If NASCAR is ever to catch up to drag racing with its diversity, it's "going to have to permeate our society," Roush said. "NASCAR can't fix it. The teams can't fix it. Families and broader American society have got to decide that's what they want to encourage their kids to do. That is the challenge.
 
"I won't say it's easier to drive drag cars than it is to drive NASCAR cars, because I don't believe that's true. But the thing that is true is that when folks are growing up, families expose their kids more to drag racing than they do to stock-car racing," he said.
 
"Stock-car racing grew up in the Southeast. It was primarily a white-male-dominated sport. It was a gentleman's game among guys who weren't too sophisticated and probably didn't have a better-than-average education. So they were out there doing their thing and attracting great attention in the news and the boardrooms and they said, 'OK -- we can sell sponsorships and make it work.' But there hasn't been the grassroots support from families . . . to get their kids involved," Roush said.
 
"If whites, Hispanics, blacks, and women will come to us with credentials to be able to do what we need to do," he said, "then there'll be plenty of room for them."

 


America's development of racing in all forms is based on our status as a free society.
 
"When drag racing got started after World War II in the United States, it was a time of booming economy, when we brought back the young people who were off to the war.

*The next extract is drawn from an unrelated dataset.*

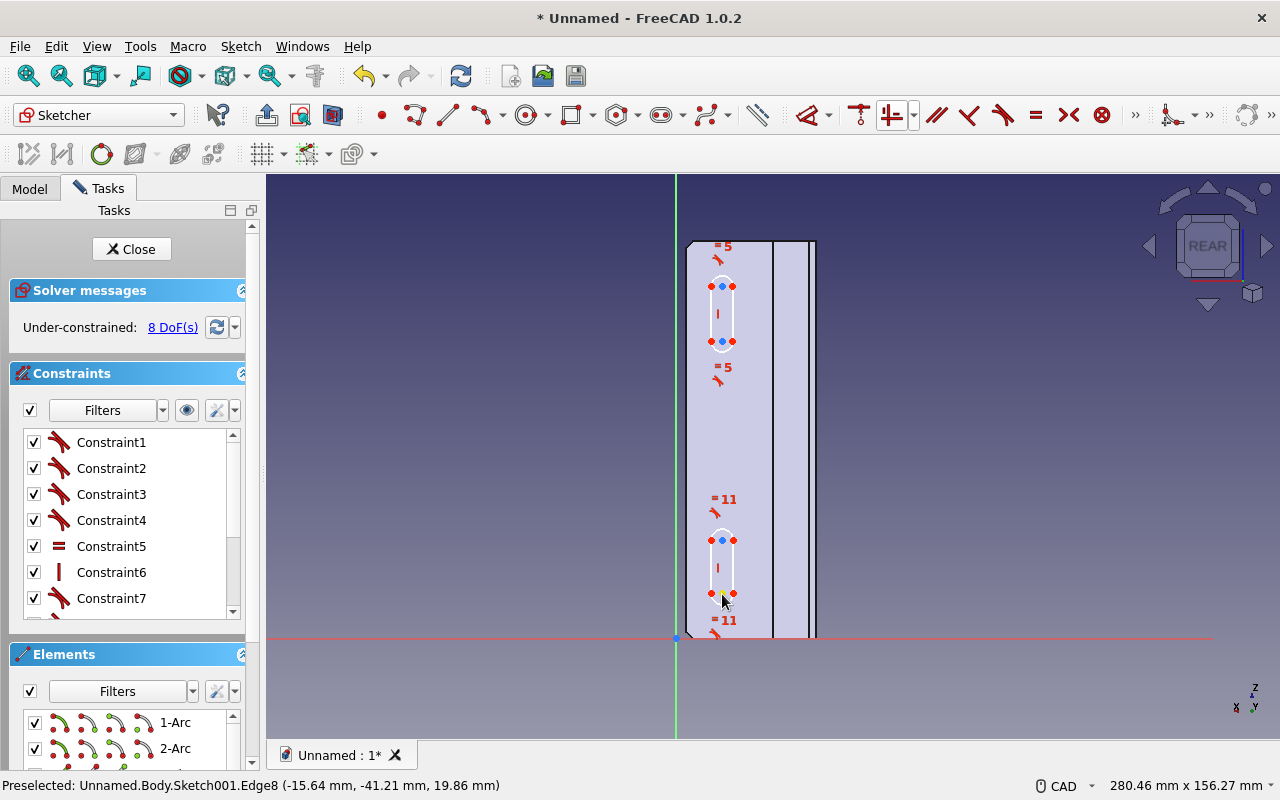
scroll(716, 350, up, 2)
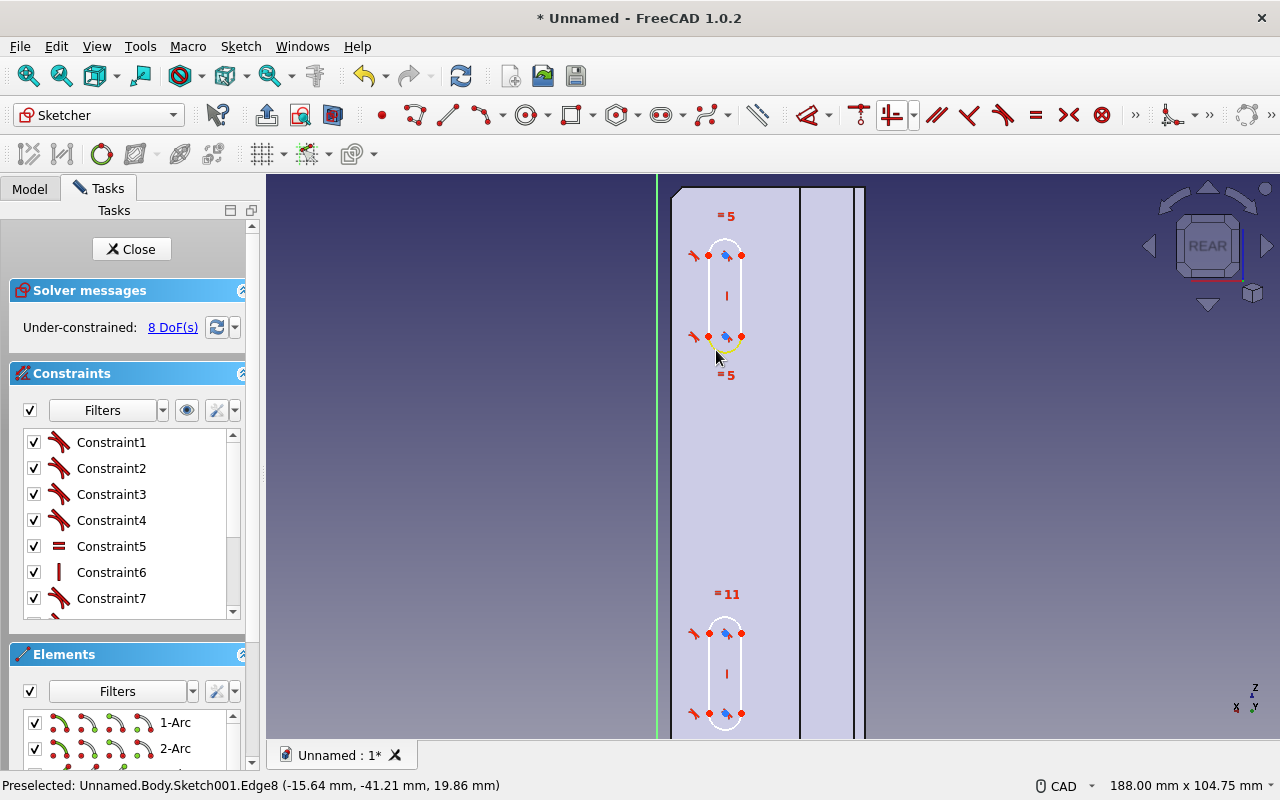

They had money to spend on things, and they wanted to do exciting things," Roush said. "All of our manufacturing capabilities were intact, and we were able to start new things for consumers without trying just to rebuild our infrastructure, as was the case in Japan and Europe.
 
"We've had a chance in this country, based on what our fathers and grandfathers -- I'm speaking about my generation -- to really be able to enjoy the good life and go out there and be sports-minded," he said. "In most parts of the world, you couldn't have that much disposable income to be able to do those things."
 
He said both the NHRA and IHRA "are great organizations. They give people the chance to work on things in their garages at home. There probably are people who still race cars that will have their mufflers hooked up and will drive to the racetrack and change the tires and run the car on the track."
 
That was Jack Roush's world years ago. It's part of what shaped him into the motorsports mogul he is today. And with his imagination -- his imagineering? His love for drag racing might inspire him to design the future of racing.